Recursive realization of n (Classic eight queens Problem) Queen problem, recursive queen

Recursive realization of n (Classic eight queens Problem) Queen problem, recursive queen

Problem description: the eight queens question is a question with the background of chess: how can we place eight queens on the 8x8 chess board, so that no queen can directly eat any other queen? To achieve this goal, neither queen can be in the same horizontal, vertical, or diagonal line. This problem can be promoted to the problem of Queen n.

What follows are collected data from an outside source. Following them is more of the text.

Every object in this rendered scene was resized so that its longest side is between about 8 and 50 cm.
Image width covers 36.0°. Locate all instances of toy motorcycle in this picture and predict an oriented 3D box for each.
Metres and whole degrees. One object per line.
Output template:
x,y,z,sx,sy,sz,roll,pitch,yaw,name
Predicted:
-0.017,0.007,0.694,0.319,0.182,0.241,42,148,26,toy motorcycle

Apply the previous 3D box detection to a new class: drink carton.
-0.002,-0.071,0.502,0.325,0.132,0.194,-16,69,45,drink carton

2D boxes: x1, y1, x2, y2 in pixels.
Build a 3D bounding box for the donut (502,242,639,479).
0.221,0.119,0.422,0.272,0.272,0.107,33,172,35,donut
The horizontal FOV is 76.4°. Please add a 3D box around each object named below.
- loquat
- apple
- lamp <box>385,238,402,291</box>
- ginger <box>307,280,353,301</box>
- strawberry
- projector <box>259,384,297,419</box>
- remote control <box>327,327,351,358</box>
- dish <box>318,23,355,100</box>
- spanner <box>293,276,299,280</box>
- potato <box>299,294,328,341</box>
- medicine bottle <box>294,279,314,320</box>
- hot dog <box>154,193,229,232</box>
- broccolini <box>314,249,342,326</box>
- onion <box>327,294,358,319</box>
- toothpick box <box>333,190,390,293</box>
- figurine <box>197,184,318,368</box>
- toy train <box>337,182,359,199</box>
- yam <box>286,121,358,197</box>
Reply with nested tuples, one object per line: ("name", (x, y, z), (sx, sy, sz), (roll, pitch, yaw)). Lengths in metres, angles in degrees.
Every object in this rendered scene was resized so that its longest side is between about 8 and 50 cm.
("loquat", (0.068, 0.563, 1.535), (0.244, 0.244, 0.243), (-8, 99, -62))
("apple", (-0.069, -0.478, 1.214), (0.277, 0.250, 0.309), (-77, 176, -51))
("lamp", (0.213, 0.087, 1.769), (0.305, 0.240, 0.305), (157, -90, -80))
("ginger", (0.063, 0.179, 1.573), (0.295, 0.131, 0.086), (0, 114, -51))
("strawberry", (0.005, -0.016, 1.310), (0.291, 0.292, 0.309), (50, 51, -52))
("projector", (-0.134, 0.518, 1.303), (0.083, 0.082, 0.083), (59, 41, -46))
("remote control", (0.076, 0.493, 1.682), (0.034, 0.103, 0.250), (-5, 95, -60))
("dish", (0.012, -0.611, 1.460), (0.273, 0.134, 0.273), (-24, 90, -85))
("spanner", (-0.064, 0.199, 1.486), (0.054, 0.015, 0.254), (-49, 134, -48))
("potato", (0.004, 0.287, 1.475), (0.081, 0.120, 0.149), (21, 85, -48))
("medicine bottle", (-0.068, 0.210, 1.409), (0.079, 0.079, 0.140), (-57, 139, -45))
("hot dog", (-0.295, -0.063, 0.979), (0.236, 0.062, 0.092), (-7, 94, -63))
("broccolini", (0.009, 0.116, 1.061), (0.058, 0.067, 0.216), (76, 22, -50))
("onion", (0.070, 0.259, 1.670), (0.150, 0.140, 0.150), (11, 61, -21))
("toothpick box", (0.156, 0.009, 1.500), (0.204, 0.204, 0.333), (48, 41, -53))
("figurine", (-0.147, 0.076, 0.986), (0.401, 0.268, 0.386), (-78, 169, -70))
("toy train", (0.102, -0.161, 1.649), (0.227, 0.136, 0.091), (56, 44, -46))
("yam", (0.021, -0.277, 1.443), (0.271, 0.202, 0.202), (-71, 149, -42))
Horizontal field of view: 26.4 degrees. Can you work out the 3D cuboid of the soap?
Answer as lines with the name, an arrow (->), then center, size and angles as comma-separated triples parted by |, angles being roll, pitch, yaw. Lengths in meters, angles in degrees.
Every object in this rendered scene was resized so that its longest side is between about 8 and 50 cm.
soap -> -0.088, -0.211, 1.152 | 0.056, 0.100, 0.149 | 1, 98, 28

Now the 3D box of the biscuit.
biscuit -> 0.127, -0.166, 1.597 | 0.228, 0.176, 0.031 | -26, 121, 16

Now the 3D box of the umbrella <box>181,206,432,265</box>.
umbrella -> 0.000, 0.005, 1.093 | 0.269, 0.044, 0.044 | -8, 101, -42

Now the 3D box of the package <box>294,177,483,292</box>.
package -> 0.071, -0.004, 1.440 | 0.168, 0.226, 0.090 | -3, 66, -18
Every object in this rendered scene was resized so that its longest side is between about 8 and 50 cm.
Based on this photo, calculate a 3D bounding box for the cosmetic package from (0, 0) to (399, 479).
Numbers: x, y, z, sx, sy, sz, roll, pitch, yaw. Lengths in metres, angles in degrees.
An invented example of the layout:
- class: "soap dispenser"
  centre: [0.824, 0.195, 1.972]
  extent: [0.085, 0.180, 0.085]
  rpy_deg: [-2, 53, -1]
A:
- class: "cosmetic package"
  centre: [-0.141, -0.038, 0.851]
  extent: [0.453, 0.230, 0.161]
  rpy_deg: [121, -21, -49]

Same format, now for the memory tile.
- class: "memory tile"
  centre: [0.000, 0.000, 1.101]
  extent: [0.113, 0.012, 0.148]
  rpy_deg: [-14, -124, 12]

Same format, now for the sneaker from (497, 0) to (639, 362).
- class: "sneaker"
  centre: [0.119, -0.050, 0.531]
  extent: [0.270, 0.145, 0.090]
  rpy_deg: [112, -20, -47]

Solution: the matrix of n * n is used to recursion each point. When the number of Queens reaches n, the system determines that if the question conditions are met, the answer is plus one (number ++ ), otherwise, the traversal continues.

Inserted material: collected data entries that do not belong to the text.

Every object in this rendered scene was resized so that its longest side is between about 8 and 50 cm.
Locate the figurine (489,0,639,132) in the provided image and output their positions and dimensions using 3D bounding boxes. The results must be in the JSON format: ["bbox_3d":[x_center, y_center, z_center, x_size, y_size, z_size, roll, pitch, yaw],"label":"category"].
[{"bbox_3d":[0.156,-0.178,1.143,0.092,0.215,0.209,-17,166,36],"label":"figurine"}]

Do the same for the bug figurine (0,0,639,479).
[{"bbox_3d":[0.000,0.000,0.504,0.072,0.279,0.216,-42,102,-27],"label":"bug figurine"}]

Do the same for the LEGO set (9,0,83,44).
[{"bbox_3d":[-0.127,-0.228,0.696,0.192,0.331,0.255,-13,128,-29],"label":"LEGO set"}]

Method for saving the Queen's points: Construct a two-dimensional array reserve [] []. When reserve [I] [j] = 1, there will be a queen at this point, if reserve [I] [j] = 0, the queen can exist at this point and set it to one.

Determine the number of Queens, define an int sign, recursively traverse when sign <8, and repeat the previous operation; otherwise, judge the reserve array, determine the coordinates of the points equal to 1 in the array, whether the meaning of the question is satisfied, after the judgment, the current point is set to 0.

To judge the x and Y axes, you only need to determine whether there are equal coordinate values.

Determines whether the absolute values of the Offset coordinate values between each two points are equal. (recursive traversal of each point is required here.) If the values are equal, the point is repeated on the diagonal line. false is returned, if they are not equal, the dot is not repeated on the slash, and true is returned.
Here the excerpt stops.